## Dataset excerpts
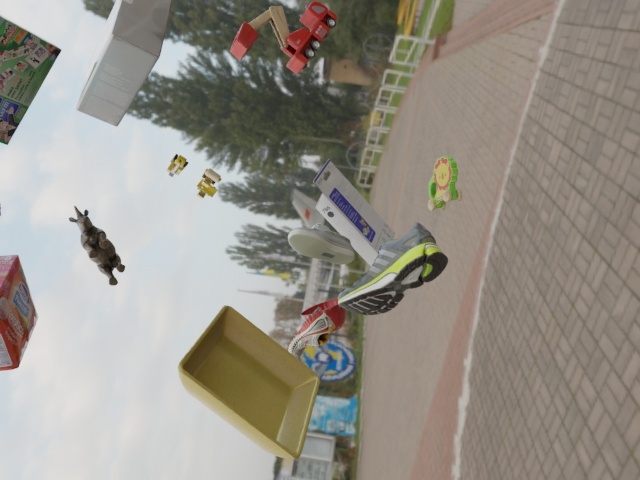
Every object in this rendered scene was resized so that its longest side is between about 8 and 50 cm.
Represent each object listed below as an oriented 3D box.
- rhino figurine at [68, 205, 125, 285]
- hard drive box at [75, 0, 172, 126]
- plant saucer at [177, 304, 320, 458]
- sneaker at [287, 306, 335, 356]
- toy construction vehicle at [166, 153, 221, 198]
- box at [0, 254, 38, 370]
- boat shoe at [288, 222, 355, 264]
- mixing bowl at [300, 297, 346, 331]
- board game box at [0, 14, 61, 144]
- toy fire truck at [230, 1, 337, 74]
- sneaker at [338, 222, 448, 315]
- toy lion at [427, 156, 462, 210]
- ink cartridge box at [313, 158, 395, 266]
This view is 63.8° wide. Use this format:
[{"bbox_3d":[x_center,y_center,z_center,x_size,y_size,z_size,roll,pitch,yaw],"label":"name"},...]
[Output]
[{"bbox_3d":[-0.616,0.005,1.410,0.106,0.073,0.243,38,152,48],"label":"rhino figurine"},{"bbox_3d":[-0.386,-0.369,1.011,0.232,0.089,0.181,-33,47,43],"label":"hard drive box"},{"bbox_3d":[-0.173,0.345,1.251,0.081,0.333,0.333,-49,5,18],"label":"plant saucer"},{"bbox_3d":[-0.031,0.312,1.631,0.088,0.093,0.225,-42,-11,-48],"label":"sneaker"},{"bbox_3d":[-0.200,-0.097,0.806,0.035,0.086,0.098,-60,21,-18],"label":"toy construction vehicle"},{"bbox_3d":[-0.564,0.111,0.731,0.122,0.257,0.128,-110,18,-56],"label":"box"},{"bbox_3d":[0.001,0.000,1.391,0.079,0.227,0.081,-33,51,35],"label":"boat shoe"},{"bbox_3d":[0.026,0.291,1.941,0.181,0.181,0.098,-60,-50,-85],"label":"mixing bowl"},{"bbox_3d":[-0.869,-0.430,1.373,0.317,0.046,0.213,-56,-26,7],"label":"board game box"},{"bbox_3d":[-0.064,-0.386,0.955,0.192,0.135,0.047,-61,17,-21],"label":"toy fire truck"},{"bbox_3d":[0.158,0.074,1.193,0.300,0.111,0.121,-36,39,30],"label":"sneaker"},{"bbox_3d":[0.246,-0.117,1.036,0.100,0.034,0.096,141,123,-68],"label":"toy lion"},{"bbox_3d":[0.093,-0.084,1.595,0.065,0.332,0.165,-33,15,35],"label":"ink cartridge box"}]

## Task instructions
Repeat the records above exactly, from the first line through the line containing "- sneaker at [287, 306, 335, 356]", and leave out the pictures.

## Response for this exercise
Every object in this rendered scene was resized so that its longest side is between about 8 and 50 cm.
Represent each object listed below as an oriented 3D box.
- rhino figurine at [68, 205, 125, 285]
- hard drive box at [75, 0, 172, 126]
- plant saucer at [177, 304, 320, 458]
- sneaker at [287, 306, 335, 356]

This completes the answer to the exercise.